As the transport of oil and gas products in a multiphase manner is increasingly stretched over greater distances with development in more hostile environments, so too has the importance of sustaining reliable operations. The flow assurance discipline tackles these challenges using scientific methods to design reliable systems and infrastructure while identifying the inherent risks involved in production from such environments. As engineers, we formulate system designs and operating procedures to manage all risks involved. One common trade-off in this domain is cost versus risk. Overly conservative design margins may result in projects that are uneconomic. We have recently seen deep water offshore systems re-designed to be sanctionable with substantial cost reductions being achieved.

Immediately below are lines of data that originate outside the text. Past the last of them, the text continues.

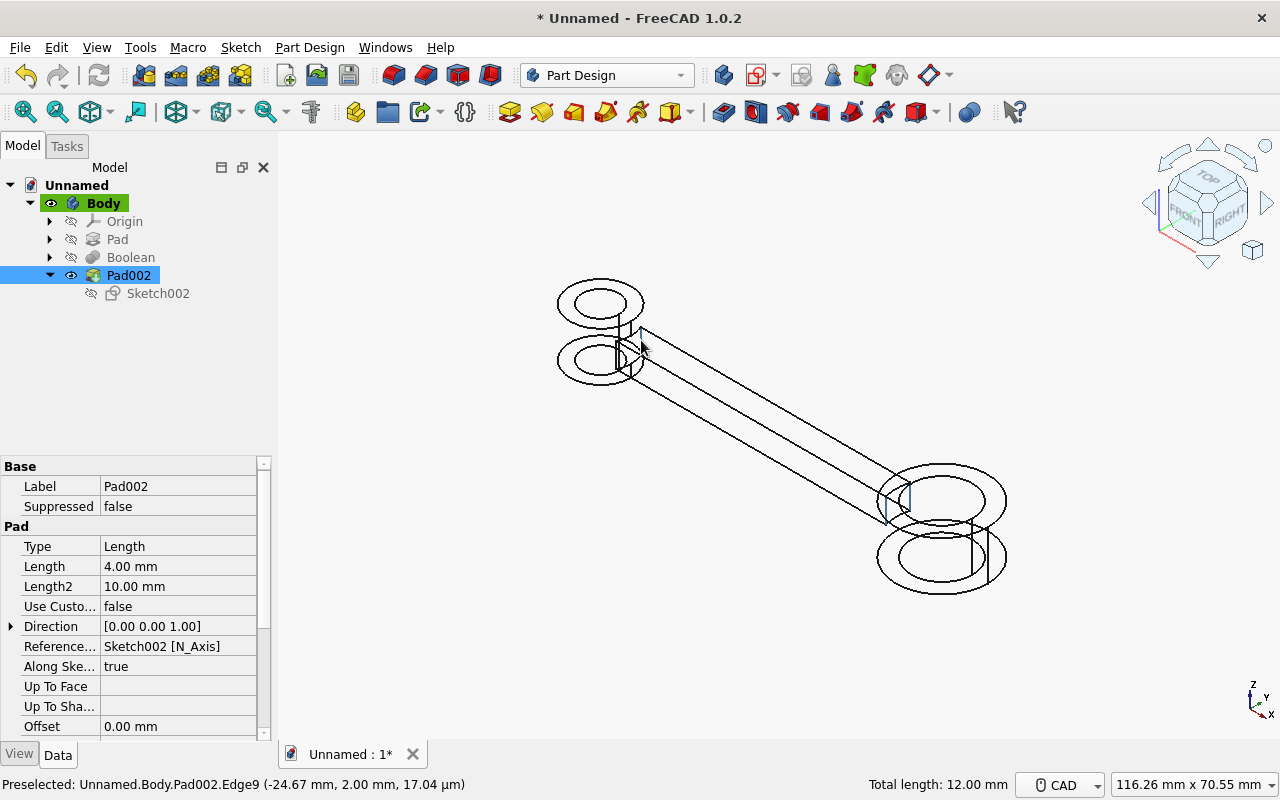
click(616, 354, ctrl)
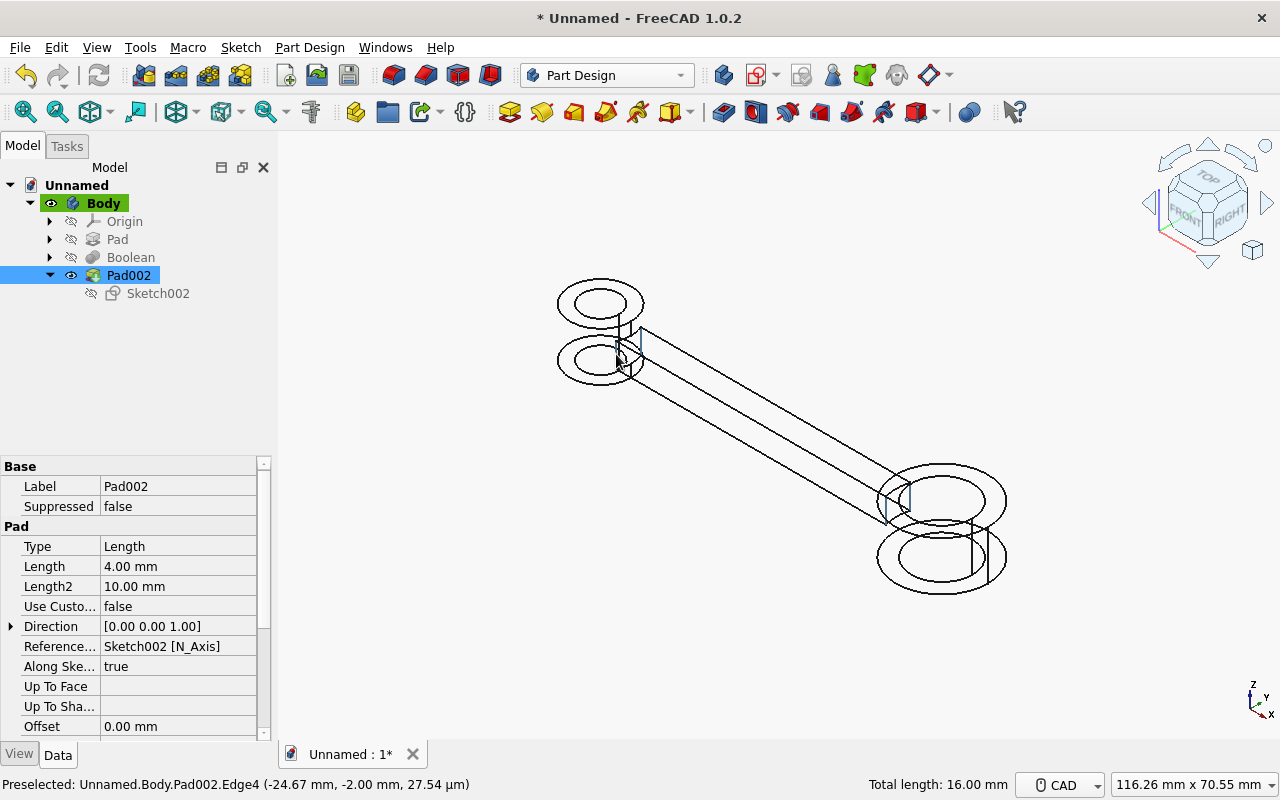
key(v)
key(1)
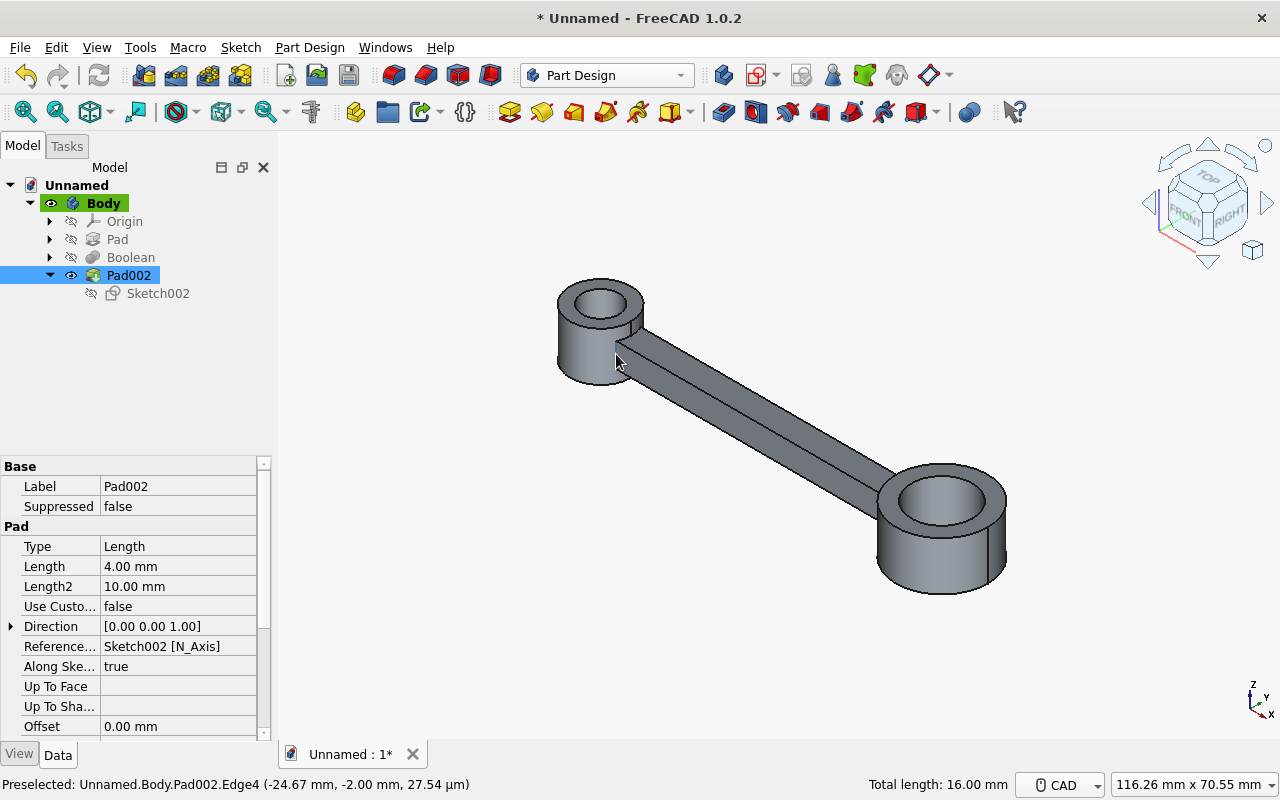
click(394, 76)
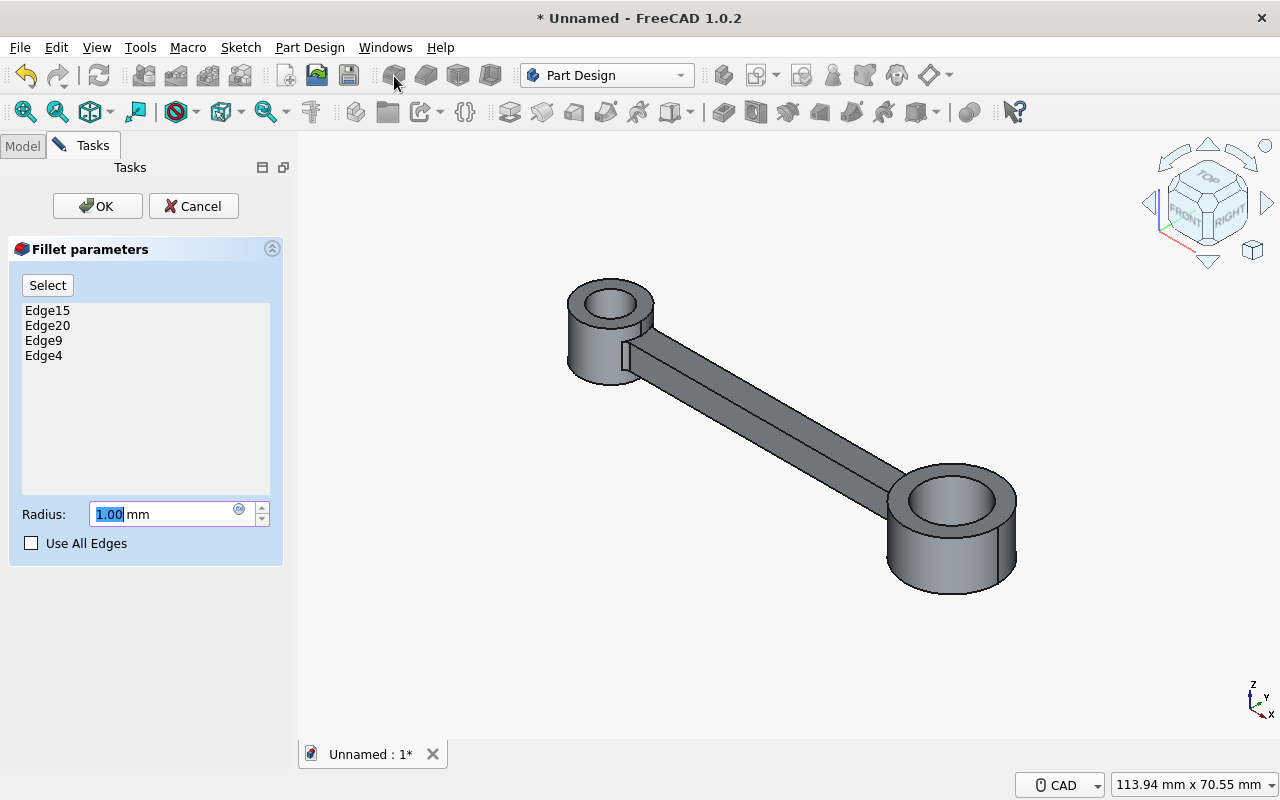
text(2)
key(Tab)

During 2015, a relatively small number of major projects made Financial Investment Decision (FID) approval due to the low price of oil. Deepwater projects were hit the hardest with just a handful being given the go-ahead, the most significant being BP's West Nile Delta in Egypt and Shell's Appomattox in the deepwater Gulf of Mexico.

One theme shared by all projects that did manage to achieve commercial approval was significant cost savings. For example, Shell cited an overall cost reduction of 20% for Appomattox [1], driven by design optimization and supply chain savings. BP cut less than 10% from its original budget for the Egyptian West Nile Delta project at FID [2], which seems low in comparison. But closer inspection showed that they had opted to re-phase expenditures significantly, reducing the upfront scope and cost. In addition, the project had a contracted gas price floor, thus providing some revenue protection from further market deterioration. It is estimated that Shell's Appomattox has a Net Present Value (NPV, see appendix for more details) breakeven of $50/bbl [3], which set a new benchmark for deepwater FIDs. However, it is one that still remains out of reach for most other projects. Pre-FID deepwater projects have an average NPV breakeven of $65/bbl [3]. This means significantly more cost reduction is necessary - at least another 15-20% – before the stricter investment hurdle rate is met.

Current market conditions clearly drive cost-based project reviews and eventual re-design. Furthermore, the ability to optimize costs at the concept development stage of projects is now a key element of the project approval process.